> **WHAT IS BEING ASKED**
Without the pictures, can you quote each line below exactly?

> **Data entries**

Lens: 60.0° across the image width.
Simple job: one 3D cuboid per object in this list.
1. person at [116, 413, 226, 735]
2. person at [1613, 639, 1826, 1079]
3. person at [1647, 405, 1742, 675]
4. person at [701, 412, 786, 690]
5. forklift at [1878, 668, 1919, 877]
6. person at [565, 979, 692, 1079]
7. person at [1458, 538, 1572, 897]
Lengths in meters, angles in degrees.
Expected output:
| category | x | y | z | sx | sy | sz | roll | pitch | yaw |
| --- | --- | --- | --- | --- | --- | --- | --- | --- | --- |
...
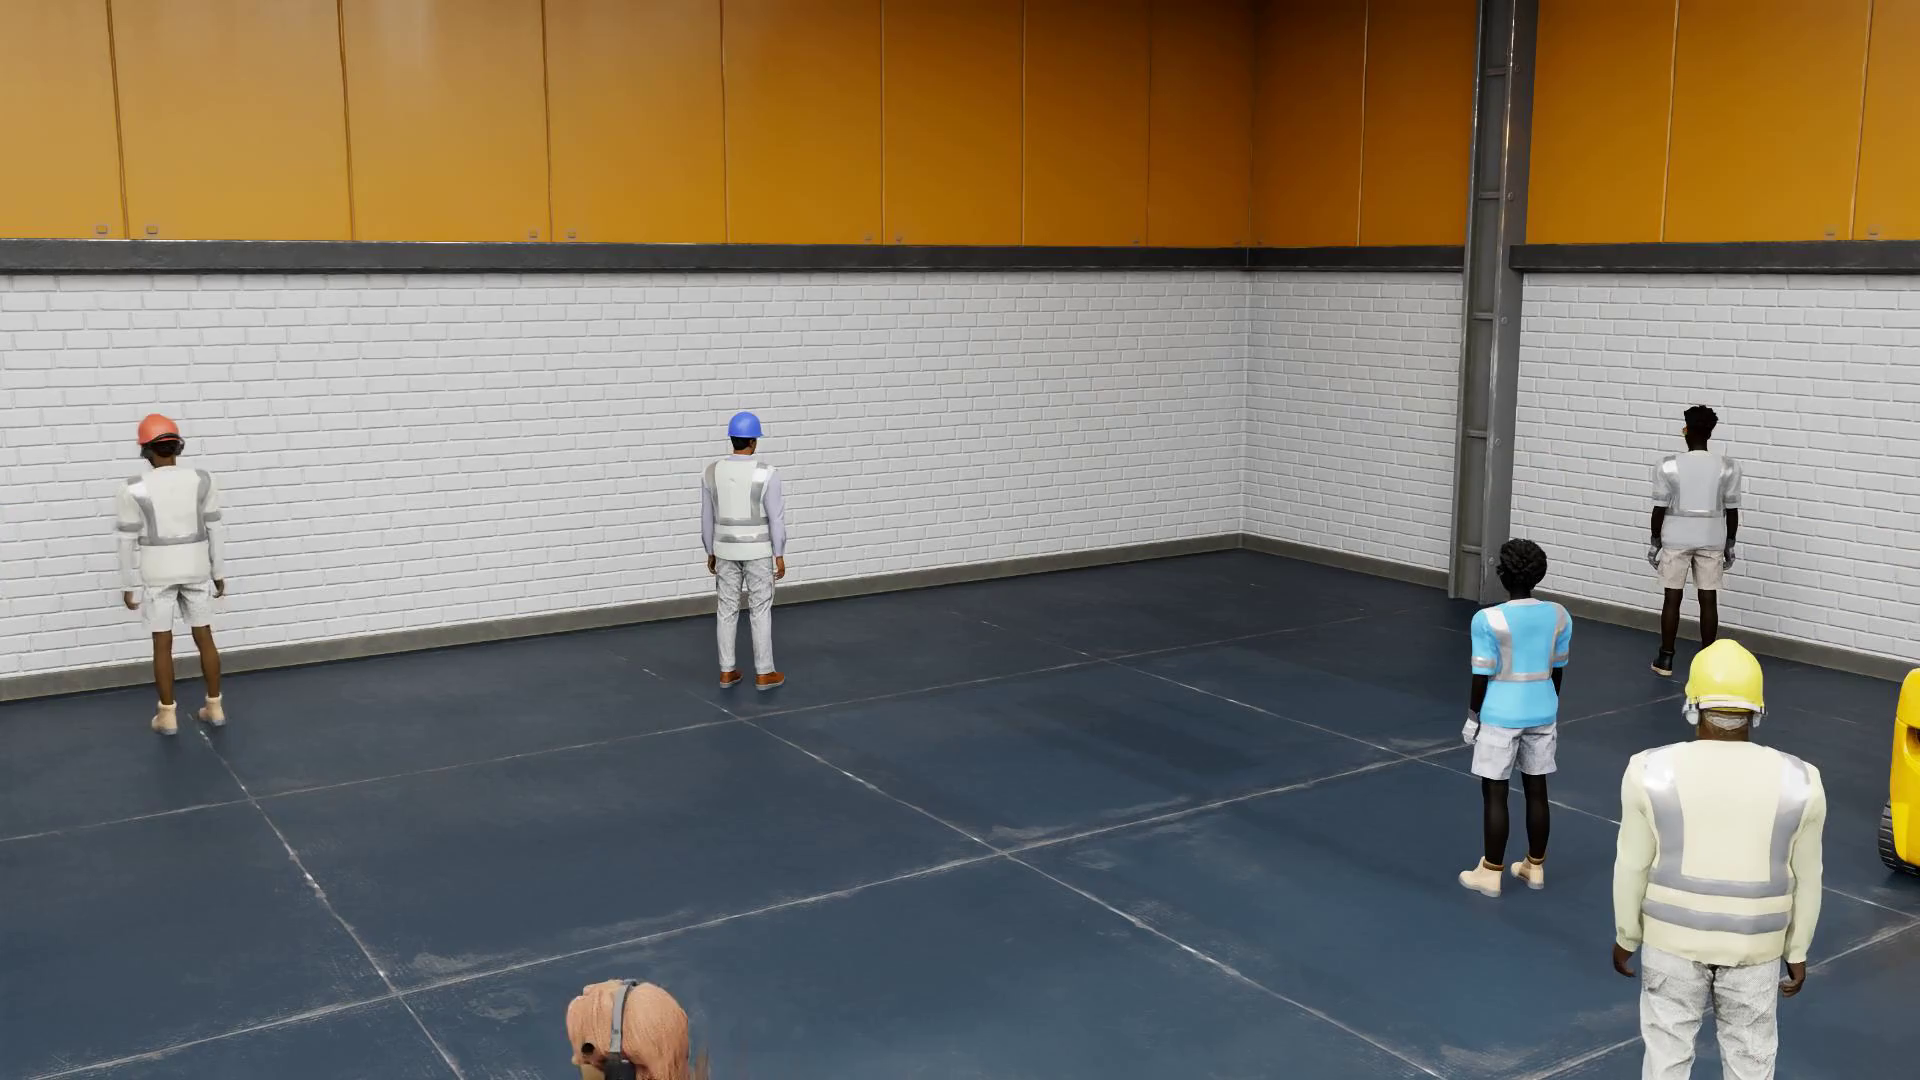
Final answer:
| category | x | y | z | sx | sy | sz | roll | pitch | yaw |
| --- | --- | --- | --- | --- | --- | --- | --- | --- | --- |
| person | -4.985 | 0.215 | 10.547 | 0.616 | 2.034 | 0.413 | -8 | 12 | -39 |
| person | 2.320 | 1.208 | 5.141 | 0.586 | 1.837 | 0.403 | 3 | 10 | 15 |
| person | 5.266 | 0.012 | 11.959 | 0.607 | 1.966 | 0.367 | 2 | 10 | 15 |
| person | -1.499 | 0.079 | 11.610 | 0.615 | 1.946 | 0.391 | 3 | 10 | 16 |
| forklift | 5.511 | 0.571 | 7.906 | 2.313 | 2.155 | 1.214 | -6 | 11 | -33 |
| person | -0.692 | 1.630 | 3.267 | 0.792 | 1.601 | 0.549 | 1 | 9 | 6 |
| person | 2.605 | 0.832 | 7.824 | 0.535 | 1.700 | 0.318 | -3 | 10 | -19 |

> **ANSWER**
Lens: 60.0° across the image width.
Simple job: one 3D cuboid per object in this list.
1. person at [116, 413, 226, 735]
2. person at [1613, 639, 1826, 1079]
3. person at [1647, 405, 1742, 675]
4. person at [701, 412, 786, 690]
5. forklift at [1878, 668, 1919, 877]
6. person at [565, 979, 692, 1079]
7. person at [1458, 538, 1572, 897]
Lengths in meters, angles in degrees.
Expected output:
| category | x | y | z | sx | sy | sz | roll | pitch | yaw |
| --- | --- | --- | --- | --- | --- | --- | --- | --- | --- |
...
Final answer:
| category | x | y | z | sx | sy | sz | roll | pitch | yaw |
| --- | --- | --- | --- | --- | --- | --- | --- | --- | --- |
| person | -4.985 | 0.215 | 10.547 | 0.616 | 2.034 | 0.413 | -8 | 12 | -39 |
| person | 2.320 | 1.208 | 5.141 | 0.586 | 1.837 | 0.403 | 3 | 10 | 15 |
| person | 5.266 | 0.012 | 11.959 | 0.607 | 1.966 | 0.367 | 2 | 10 | 15 |
| person | -1.499 | 0.079 | 11.610 | 0.615 | 1.946 | 0.391 | 3 | 10 | 16 |
| forklift | 5.511 | 0.571 | 7.906 | 2.313 | 2.155 | 1.214 | -6 | 11 | -33 |
| person | -0.692 | 1.630 | 3.267 | 0.792 | 1.601 | 0.549 | 1 | 9 | 6 |
| person | 2.605 | 0.832 | 7.824 | 0.535 | 1.700 | 0.318 | -3 | 10 | -19 |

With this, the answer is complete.